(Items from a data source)
* * * *

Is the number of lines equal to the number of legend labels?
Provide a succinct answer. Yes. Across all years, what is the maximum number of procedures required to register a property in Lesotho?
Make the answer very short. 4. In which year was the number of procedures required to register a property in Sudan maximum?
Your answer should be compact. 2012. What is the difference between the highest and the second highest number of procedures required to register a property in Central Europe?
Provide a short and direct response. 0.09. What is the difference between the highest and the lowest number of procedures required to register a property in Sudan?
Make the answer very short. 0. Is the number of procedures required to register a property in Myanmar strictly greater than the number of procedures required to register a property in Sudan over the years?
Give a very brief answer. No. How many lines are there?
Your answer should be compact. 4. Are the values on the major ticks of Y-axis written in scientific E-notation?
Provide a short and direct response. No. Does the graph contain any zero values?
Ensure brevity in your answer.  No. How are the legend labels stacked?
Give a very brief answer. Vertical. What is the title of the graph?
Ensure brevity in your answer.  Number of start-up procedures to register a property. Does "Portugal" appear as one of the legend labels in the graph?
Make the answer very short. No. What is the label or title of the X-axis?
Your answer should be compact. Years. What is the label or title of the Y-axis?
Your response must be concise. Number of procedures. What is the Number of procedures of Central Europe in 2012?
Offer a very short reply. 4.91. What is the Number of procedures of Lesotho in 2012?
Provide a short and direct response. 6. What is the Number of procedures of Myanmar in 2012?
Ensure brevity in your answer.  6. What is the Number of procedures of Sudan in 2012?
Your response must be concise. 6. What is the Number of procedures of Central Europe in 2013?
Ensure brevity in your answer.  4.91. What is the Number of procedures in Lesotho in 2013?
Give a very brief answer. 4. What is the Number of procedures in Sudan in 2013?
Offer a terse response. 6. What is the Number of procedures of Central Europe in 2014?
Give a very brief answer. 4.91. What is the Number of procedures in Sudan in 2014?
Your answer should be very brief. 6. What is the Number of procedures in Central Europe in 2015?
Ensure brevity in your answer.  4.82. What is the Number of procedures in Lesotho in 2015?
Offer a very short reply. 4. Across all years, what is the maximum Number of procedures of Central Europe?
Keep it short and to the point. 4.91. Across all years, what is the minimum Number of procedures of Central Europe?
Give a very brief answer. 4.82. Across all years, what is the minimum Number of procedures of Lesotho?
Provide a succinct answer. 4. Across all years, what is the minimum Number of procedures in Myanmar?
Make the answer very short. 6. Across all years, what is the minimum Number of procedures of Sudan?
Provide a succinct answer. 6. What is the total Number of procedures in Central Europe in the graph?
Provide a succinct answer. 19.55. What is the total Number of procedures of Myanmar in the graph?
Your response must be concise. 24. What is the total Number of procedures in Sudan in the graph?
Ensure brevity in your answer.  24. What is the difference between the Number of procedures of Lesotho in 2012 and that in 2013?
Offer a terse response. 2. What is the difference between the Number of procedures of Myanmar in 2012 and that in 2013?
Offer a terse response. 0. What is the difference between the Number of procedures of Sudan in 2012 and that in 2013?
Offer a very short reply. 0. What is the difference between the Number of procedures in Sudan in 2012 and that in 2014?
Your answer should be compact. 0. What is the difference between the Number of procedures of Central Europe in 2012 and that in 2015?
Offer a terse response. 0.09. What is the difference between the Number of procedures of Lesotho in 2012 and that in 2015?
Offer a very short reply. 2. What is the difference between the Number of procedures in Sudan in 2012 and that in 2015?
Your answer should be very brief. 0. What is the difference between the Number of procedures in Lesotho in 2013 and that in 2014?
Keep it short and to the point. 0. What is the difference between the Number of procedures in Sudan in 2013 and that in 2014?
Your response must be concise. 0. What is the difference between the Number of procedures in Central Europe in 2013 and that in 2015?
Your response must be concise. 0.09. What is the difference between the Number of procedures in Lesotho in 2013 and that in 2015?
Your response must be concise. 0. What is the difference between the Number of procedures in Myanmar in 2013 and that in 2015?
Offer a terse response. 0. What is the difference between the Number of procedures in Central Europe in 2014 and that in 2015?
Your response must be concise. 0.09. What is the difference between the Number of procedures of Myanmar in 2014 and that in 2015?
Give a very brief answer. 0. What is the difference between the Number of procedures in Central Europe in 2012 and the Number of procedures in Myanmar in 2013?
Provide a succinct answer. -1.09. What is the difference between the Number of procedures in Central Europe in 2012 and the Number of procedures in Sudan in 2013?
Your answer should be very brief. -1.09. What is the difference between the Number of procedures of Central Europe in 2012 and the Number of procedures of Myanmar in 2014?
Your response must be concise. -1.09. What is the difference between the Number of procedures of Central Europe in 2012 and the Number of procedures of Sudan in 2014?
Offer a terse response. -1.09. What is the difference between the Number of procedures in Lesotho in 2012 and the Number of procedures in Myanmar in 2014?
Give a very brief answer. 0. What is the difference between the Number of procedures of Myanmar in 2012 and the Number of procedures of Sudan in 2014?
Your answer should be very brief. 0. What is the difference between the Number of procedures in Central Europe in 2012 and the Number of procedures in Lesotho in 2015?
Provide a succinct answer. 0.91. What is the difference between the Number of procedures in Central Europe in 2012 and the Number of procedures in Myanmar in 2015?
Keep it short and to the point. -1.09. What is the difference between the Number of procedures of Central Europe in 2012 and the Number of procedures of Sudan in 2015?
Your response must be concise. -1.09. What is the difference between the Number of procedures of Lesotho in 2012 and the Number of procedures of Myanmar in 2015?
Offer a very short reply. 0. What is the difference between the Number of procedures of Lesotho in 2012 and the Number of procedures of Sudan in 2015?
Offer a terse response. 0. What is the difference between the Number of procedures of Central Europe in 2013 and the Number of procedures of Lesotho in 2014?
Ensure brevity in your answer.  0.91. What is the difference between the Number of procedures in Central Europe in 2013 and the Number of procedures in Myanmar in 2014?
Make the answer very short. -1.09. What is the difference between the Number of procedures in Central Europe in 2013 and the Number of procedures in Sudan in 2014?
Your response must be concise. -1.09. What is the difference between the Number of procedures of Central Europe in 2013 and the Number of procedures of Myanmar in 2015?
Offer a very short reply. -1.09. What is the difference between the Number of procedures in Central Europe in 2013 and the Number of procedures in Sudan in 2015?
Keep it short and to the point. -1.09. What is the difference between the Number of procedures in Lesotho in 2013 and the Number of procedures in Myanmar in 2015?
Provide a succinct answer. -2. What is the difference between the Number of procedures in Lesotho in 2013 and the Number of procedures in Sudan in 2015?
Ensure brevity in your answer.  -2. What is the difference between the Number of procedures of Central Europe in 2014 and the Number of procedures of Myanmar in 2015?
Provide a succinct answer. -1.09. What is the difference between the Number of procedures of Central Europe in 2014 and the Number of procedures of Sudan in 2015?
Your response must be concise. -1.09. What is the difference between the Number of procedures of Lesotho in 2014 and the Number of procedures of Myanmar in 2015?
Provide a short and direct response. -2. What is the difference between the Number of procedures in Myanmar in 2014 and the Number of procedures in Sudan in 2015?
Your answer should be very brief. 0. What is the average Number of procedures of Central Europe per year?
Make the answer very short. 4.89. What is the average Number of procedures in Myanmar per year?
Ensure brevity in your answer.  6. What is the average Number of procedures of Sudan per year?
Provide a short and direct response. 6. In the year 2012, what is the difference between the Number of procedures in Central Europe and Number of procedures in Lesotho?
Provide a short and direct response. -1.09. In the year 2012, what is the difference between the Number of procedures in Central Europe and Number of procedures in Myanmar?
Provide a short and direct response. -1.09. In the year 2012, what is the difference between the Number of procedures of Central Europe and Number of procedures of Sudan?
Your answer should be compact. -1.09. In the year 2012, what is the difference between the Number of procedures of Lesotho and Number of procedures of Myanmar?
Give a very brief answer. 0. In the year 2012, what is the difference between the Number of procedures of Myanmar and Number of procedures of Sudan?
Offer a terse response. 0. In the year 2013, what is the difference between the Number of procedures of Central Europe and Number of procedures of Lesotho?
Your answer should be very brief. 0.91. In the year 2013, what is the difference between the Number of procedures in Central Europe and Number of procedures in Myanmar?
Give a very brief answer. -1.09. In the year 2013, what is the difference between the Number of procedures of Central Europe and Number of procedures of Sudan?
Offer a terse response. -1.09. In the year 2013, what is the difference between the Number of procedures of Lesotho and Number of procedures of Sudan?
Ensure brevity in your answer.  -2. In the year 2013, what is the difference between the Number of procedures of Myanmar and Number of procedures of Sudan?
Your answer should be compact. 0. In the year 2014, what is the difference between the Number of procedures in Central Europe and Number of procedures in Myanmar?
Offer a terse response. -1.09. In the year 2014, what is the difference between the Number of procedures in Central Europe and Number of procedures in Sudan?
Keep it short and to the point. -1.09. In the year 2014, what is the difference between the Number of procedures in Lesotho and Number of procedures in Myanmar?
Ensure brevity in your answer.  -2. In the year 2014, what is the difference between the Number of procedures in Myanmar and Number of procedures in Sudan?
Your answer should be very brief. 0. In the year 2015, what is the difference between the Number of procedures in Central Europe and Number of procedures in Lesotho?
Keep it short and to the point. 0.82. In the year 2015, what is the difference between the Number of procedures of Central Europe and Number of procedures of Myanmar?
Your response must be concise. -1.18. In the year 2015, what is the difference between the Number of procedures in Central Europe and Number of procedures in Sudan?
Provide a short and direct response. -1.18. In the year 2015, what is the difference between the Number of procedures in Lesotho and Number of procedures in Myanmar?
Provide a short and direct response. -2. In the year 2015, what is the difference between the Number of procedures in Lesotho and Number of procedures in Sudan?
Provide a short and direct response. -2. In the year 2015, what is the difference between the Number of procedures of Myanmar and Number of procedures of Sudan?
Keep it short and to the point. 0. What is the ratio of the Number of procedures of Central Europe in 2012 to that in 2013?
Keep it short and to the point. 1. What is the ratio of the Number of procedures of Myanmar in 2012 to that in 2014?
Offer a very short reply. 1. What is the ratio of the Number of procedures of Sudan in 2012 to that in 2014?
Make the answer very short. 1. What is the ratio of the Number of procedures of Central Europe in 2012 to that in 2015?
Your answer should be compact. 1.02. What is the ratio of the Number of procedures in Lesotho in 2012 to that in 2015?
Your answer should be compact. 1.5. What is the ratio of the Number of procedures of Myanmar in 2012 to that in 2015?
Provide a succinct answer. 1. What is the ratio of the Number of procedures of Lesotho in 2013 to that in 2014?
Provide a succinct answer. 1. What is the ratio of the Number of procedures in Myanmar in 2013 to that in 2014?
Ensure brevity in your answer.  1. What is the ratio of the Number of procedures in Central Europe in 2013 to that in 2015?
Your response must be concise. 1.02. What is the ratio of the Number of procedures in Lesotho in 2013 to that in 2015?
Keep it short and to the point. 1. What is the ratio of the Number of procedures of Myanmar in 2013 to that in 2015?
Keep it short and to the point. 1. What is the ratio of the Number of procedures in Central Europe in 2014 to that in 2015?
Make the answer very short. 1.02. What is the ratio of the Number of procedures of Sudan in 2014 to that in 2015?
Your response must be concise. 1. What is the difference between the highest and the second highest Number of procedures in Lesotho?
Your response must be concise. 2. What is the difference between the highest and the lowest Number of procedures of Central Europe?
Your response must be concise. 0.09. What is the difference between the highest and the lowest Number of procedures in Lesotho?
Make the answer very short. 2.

* * * *

• _YOUR TASK_
Tally the lines in these entries that have the string "lowest" in them, then answer with the count and nothing else.

• _SOLUTION TO THIS TASK_
3